The doctor reclined his head a couple of millimeters, as if I had been spitting.
“Sorry,” I said, “I guess I’m a little stressed out. So what if you call yourself doctor? You worked hard for the right to plunge your hand inside the human body! Elbow deep in viscera all day, maybe you want to let everyone know you’re a doctor so they won’t offer you offal or a plate of haggis. What right have I to cast judgment on a man’s prefix?”
“You seem pretty wound up, there. What can I do for you?”
“I’m pretty sure I have cancer,” I said. “And I just want you to do whatever you have to do to confirm or deny it.”
“What kind of cancer do you think you have?”
“What kind? I don’t know. What’s the worst sort?”
“Well, prostate cancer’s the most common for men in your age bracket.”
“You’re the same age as me!”
“OK—our age bracket.”
“Well, my cancer won’t be the most common, that much I can tell you. What’s the worst one? And I mean the absolute worst.”
“Do you smoke?”
“Sometimes.”
“If I smoked, the cancer I wouldn’t want for myself, for fear of kicking myself all the way to the grave, is lung cancer.”
“Lung cancer. I knew it! That’s the one. That’s what I’ve got.”
“You seem pretty certain.”
“I am certain.”
Even though he was obscured behind his desk, he made a shift as though he’d put his hand on his hip. “All right,” he said finally, “I’ll order the tests. They aren’t pleasant.”
“Neither is lung cancer.”
“You’re right about that.”
I won’t detail the weeks that followed—the intrusive tests, the cruel waiting periods, the stomach-pum
meling anxiety. Of course Jasper didn’t notice anything, but Anouk sensed something was wrong. She kept hounding me to tell her what it was, but I was tight-lipped about it. I wanted to be 100 percent sure before I told anyone. I didn’t want to get their hopes up.
It was a month later when I went back to Dr. Sweeny’s office to hear the results. In the waiting period I had been plagued with hope, and nothing I could do could put those pesky optimistic feelings to rest.
“Come in, Mr. Dean. How are you feeling?”

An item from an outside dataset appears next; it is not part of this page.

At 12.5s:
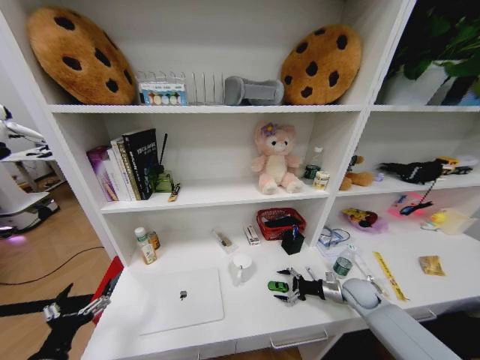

“Let’s not waste time. It’s cancer, isn’t it?”
“It sure is.”
In the old days the medical profession didn’t tell you that you were dying. It was considered a breach of ethics. Now the reverse is true. Now they can’t wait to tell you.
“Lung cancer?”
“I’m afraid so. How did you know?”
Christ! It was true! I was being murdered by my own body! I burst out laughing.
Then I stopped laughing—I remembered why I had started.
I left the doctor’s office in a daze. So! It turned out my lifelong pessimistic stance was entirely justified. Imagine if I had been optimistic all this time! Wouldn’t I be feeling ripped off right about now? Yes, I was in for a slow, violent death. And I don’t sleep peacefully, so dying peacefully in my sleep was out of the question. The best I could hope for was that maybe I’d die fitfully in my sleep. Oh my God—suddenly all the other possible deaths had slipped into the unlikely. How often does a man dying of cancer suddenly choke to death on a chicken bone? Or get decapitated by jumping up and down on his bed, forgetful of the ceiling fan? Or die from asbestos poisoning or obesity? No, there just wasn’t enough time to get really, fatally fat. If anything, my illness was probably going to make me thinner.
Over the following weeks I was an emotional wreck. The slightest thing sent me into tears. I cried at television ads, at the autumn leaves turning brown. One night Jasper came in and caught me sobbing over the death of some idiotic pop star I’d never even heard of. He’d been shot in the head and died instantly, lucky bastard!